Je suis vraiment content ! Après avoir clamé pendant des années que « le paiement du futur » n’était pas un simple scénario expérimental, mais une réalité concrète pour acheter un billet d’avion ou réserver un hôtel, cette combinaison de « stablecoins + couche de règlement sur la blockchain + interface conforme » est enfin utilisée.
Alors, je me suis mis à réfléchir : si l’on considère qu’Ethereum / SOLANA représentent la tendance future du paiement sur la blockchain, leur plafond ne serait-il pas d’environ ≈ Visa / Mastercard ?
En comparant grossièrement la capitalisation de Visa, le prix correspondant de $ETH serait d’environ 9 500 $. Mais le problème est que : la valeur du paiement sur la blockchain ne correspond pas à la valeur que la blockchain elle-même peut capturer.
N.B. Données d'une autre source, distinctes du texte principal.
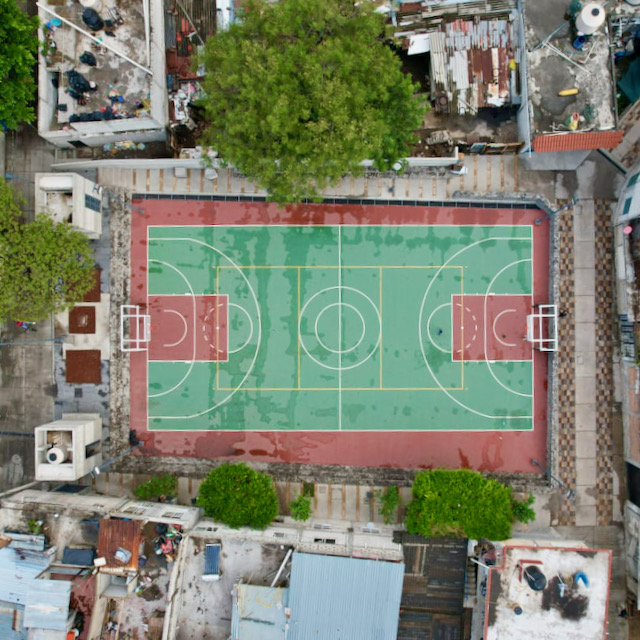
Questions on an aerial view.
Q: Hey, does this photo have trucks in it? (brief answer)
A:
No
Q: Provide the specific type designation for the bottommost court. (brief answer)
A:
basketball court
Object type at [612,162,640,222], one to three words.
house
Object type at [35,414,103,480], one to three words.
water tower
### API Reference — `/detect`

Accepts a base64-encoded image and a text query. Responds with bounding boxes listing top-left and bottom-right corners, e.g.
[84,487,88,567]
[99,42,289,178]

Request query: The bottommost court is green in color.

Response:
[131,202,549,474]
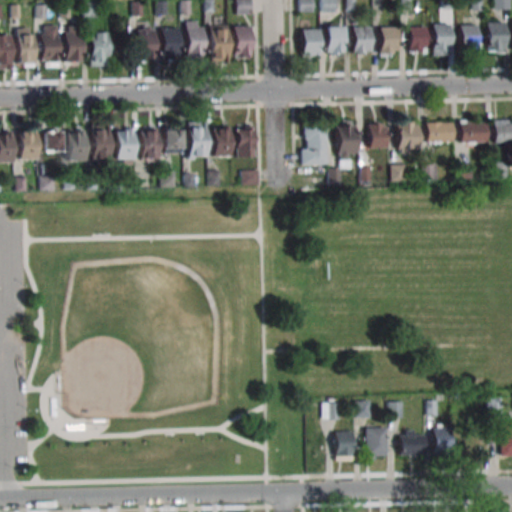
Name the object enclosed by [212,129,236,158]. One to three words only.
house
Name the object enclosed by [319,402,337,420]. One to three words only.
building
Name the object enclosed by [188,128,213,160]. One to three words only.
house
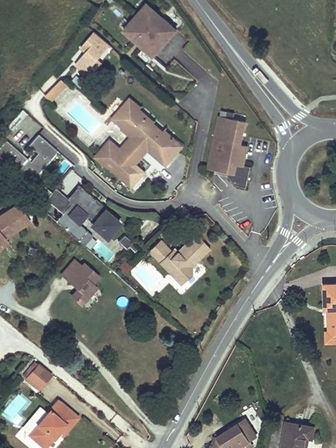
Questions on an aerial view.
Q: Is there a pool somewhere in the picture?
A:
Yes
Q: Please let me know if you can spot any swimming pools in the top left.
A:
Yes
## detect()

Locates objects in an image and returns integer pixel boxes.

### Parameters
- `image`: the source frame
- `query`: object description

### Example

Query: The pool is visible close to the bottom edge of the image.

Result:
[2,392,32,426]
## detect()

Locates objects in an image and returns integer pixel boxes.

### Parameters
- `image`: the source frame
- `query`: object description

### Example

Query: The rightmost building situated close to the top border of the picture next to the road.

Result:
[122,3,178,58]
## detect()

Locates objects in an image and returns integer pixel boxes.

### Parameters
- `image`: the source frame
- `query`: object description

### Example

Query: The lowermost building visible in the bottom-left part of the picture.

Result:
[30,399,80,448]

Dans le paiement en stablecoins, la blockchain ne perçoit souvent que des « frais de règlement ». Et lorsque Ethereum, L2, et d’autres chaînes à haute performance réduisent leurs frais de règlement de plus en plus, une question concrète apparaît : Si le but du produit sur la blockchain est de rendre le règlement aussi bon marché que possible, comment peut-il finalement capturer de la valeur ?
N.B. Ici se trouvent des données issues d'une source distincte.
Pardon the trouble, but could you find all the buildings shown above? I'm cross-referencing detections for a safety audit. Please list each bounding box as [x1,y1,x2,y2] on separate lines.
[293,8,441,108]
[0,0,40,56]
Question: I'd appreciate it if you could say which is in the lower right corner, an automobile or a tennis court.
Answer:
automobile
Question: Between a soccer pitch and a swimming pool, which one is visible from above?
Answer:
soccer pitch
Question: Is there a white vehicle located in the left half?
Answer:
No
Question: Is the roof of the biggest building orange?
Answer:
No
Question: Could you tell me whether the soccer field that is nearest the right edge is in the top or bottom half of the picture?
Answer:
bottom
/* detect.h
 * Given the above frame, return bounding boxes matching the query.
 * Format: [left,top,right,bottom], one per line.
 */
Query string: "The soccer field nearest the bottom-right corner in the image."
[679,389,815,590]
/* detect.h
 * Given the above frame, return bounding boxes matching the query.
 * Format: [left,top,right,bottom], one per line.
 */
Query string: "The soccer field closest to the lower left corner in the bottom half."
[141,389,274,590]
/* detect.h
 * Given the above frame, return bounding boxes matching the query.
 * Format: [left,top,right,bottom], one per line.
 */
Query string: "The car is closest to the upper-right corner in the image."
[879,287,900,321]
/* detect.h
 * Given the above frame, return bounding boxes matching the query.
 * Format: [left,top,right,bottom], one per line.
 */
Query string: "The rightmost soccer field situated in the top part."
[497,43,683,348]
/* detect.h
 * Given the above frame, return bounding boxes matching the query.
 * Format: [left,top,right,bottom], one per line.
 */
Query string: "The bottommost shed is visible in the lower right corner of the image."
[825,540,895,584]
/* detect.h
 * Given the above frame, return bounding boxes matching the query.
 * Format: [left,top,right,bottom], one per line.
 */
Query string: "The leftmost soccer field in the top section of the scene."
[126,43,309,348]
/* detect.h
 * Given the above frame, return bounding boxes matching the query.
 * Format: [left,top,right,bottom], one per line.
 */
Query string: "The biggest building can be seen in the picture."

Se limiter aux frais ne suffit peut-être pas. Surtout lorsque le coût de règlement devient presque négligeable, la voie pour « s’enrichir en percevant des frais de passage » devient de plus en plus mince.
Ce qui différencie réellement une chaîne d’une autre, au final, pourrait n’être que la question la plus fondamentale : En qui avez-vous confiance ? Où placez-vous votre plus gros argent, vos contrats les plus longs, vos actifs les plus lourds ?
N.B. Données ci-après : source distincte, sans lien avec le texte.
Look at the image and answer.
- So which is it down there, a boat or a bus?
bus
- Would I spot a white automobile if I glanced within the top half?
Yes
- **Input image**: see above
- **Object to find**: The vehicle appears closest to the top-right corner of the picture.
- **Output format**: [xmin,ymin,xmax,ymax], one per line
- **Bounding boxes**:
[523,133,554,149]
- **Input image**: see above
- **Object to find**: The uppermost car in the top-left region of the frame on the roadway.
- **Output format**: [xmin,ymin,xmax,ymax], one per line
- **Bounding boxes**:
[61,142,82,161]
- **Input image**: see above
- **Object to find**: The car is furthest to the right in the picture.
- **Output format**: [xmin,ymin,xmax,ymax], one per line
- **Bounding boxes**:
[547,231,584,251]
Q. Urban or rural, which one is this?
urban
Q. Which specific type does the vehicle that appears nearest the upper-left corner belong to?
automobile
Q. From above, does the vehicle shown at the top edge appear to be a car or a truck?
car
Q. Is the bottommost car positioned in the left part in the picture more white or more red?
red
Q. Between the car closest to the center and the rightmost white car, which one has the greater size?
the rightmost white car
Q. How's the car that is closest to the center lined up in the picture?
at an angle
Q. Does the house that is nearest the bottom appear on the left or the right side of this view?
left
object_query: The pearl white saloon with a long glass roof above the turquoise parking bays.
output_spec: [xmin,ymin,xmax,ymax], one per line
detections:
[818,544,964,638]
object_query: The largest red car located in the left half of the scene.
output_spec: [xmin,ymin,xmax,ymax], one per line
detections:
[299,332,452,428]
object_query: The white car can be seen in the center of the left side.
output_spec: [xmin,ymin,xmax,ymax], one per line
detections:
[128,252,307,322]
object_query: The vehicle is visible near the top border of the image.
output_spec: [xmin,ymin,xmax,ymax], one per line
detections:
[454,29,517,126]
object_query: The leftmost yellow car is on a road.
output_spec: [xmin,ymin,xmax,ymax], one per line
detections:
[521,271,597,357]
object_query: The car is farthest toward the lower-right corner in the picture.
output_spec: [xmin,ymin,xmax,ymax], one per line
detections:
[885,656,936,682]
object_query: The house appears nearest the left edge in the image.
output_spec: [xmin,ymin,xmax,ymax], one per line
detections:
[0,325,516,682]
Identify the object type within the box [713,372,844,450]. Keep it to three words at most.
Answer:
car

Je pense donc que la vraie question n’est pas « ETH, SOL peuvent-ils rivaliser avec Visa », mais combien de valeur dans le monde entier, dans les dix prochaines années, seront prêts à confier leur règlement final et la conservation de leurs actifs à la blockchain ?
Aujourd’hui, avec cette petite expérience d’acheter un billet avec U, je suis encore plus convaincu que le point de bascuet de la cryptopaiement n’est pas une grande narration, mais le moment où vous commencez inconsciemment à « vivre avec » cette technologie.
PAY est effectivement la voie vers la généralisation de la blockchain.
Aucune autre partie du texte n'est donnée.